Sugars-based ingredient rules bittersweet – Regulatory Affairs – Nov/Dec 2020 – Gary Gnirss
Canada’s ingredient and nutrition labelling rules are now in the final stretch of their transition period between the former and new rules. The original transition period was scheduled to end on December 14, 2021, but both the Canadian Food Inspection Agency (CFIA) and Health Canada have made it known that this date will be extended. The chief reason for an extension is to help co-ordinate compliance dates with other rules that have been finalized and those that are also still pending registration as final rules. Most notably are CFIA’s and Health Canada’s food labelling modernization rules proposed in June 2019. Will these proposed rules be finalized soon? It is expected that the transition period will be extended to at least December 14, 2022. Certain food labelling modernization rules, such as those related to characterizing ingredients and flavours, are proposed to have an extended transition period of at least six years, circa December 14, 2026.
Sugars-based ingredient (SBI) labelling is, however, a reality now when switching over to the new rules. The purpose of making it mandatory to corral and identify SBIs is to expose sources which might be unsuspected and declare them in their collective descending of proportioning in a list of ingredients. The intent is to provide consumers a means to gauge the relative proportion of such ingredients more readily within a list of ingredients. The quantitative amount of total sugars and the new per cent daily thereof is a core feature of a new nutrition facts table (NFt). Health Canada elected not to differentiate added sugars from total sugars in the NFt, as is the case in the U.S. One argument for this was that sugar is sugar, regardless of its source. It would also have placed a burden on industry to differentiate amounts of added and intrinsic sugars in an NFt. This could only be achieved by adjusting the total sugar content by the added sugars in the formulation.
Instead, added sugars are differentiated in the ingredients list. There is still incentive for manufacturers to reduce the amount of added sugars, as no manufacturer generally likes to see SBIs declared collectively after the heading “Sugars” as the first ingredient, or even close to the first ingredient. There are however some drawbacks to this perfect plan. For one, when the content of sugar in a food is less than 0.5 g it can be rounded to zero. If a food contains a small amount of a SBI, such as maltodextrin that is not otherwise recognized as a dietary fibre, the NFt would declare 0 g sugars and the ingredient list would declare “Sugars (maltodextrin).” This is confusing. In November 2020, Health Canada issued a notice of an intent to amend the Food and Drug Regulations (FDR) in the future to provide for an exception to SBI labelling in such cases. In the interim, however, there would be no objection where SBIs are not declared as such when the amount of sugar in the NFt may be declared as zero.

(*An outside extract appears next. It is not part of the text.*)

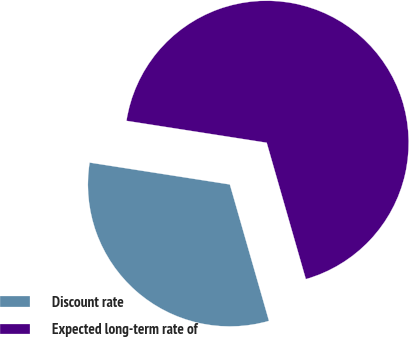Convert chart. <chart><loc_0><loc_0><loc_500><loc_500><pie_chart><fcel>Discount rate<fcel>Expected long-term rate of<nl><fcel>31.91%<fcel>68.09%<nl></chart> 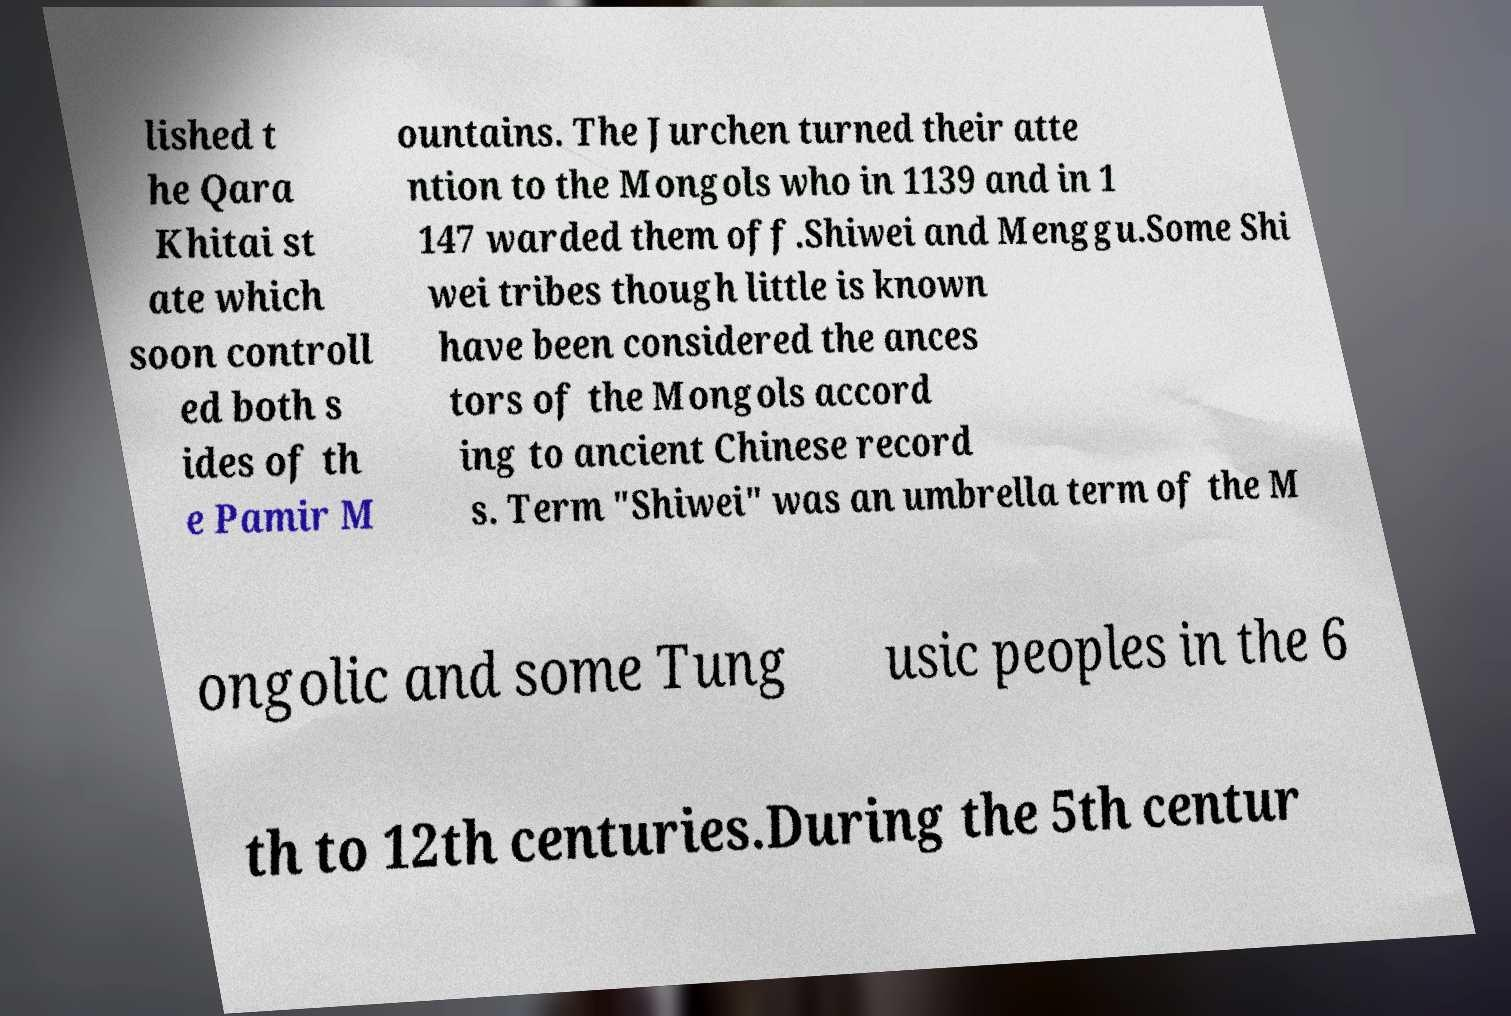Can you accurately transcribe the text from the provided image for me? lished t he Qara Khitai st ate which soon controll ed both s ides of th e Pamir M ountains. The Jurchen turned their atte ntion to the Mongols who in 1139 and in 1 147 warded them off.Shiwei and Menggu.Some Shi wei tribes though little is known have been considered the ances tors of the Mongols accord ing to ancient Chinese record s. Term "Shiwei" was an umbrella term of the M ongolic and some Tung usic peoples in the 6 th to 12th centuries.During the 5th centur

However, the gate on making a “no sugar added” claim is still fiercely guarded. The addition of sugars that functionally substitute for added sugars, such as a small amount of honey, would invalidate this claim even if the total sugars are declared as zero. The current phasing of what constitutes “functionally substitute for added sugars” is not aligned with the definition of a SBI. Health Canada had however, proposed to do so. That unfortunately was part of proposed front-of-packaging nutrition symbol labelling that is now stale. One day the criteria will perhaps be aligned with SBI labelling.
There are other scenarios that are potentially confusing as well. SBI labelling is only applicable to first generation ingredients. When components of ingredients are declared parenthetically, they would not be subject to SBIs labelling. A food can therefore still have a high amount of SBIs, but because these are protected by parenthesis, would not be exposed as such.
Another drawback is that SBIs added in a small quantity get “bumped up” the list when other SBIs are also present. For example, let’s say a food contains “sugar” as the first ingredient and “maple syrup” as the last ingredient. This food must then be labelled with “Sugars (sugar, maple syrup)” as the first ingredient. Some consumers may think that the maple syrup is present in a more significant quantity than it is.
The definition of a SBI involves three tiers. The first two are generally easy to spot in a crowd. They include mono- and disaccharides, like sugar (sucrose), and sweetening agents, many of which are liquid or dried syrups including high fructose corn syrup. The last tier involves understanding what a “functional substitute for a sweetening agent” is. The definition for this in the FDR, reads, “a food — other than any sweetener or sweetening agent, including any sugars — that replaces a sweetening agent and that has one or more of the functions of the sweetening agent including sweetening, thickening, texturing or caramelizing.” What’s potentially nebulous is that a functional substitute for a sweetening agent does not have to be sweet. It can have the function of thickening, texturing or caramelizing, for example. Appreciating concentrated fruit juice as SBI seems more intuitive than non-dietary fibre-type maltodextrins. For guidance purposes, the CFIA has provided on its food labelling for industry website pages, Annex 1 of examples of SBIs and Annex 2 of what are not SBIs. Annex 2 includes foods that the CFIA believes consumers may recognize as potentially significant sources of added sugars. As such these are not subject SBI labelling. Fruit spread is in Annex 2 and fruit puree is Annex 1. Some things are harder to explain than others. New rules are not necessarily easier.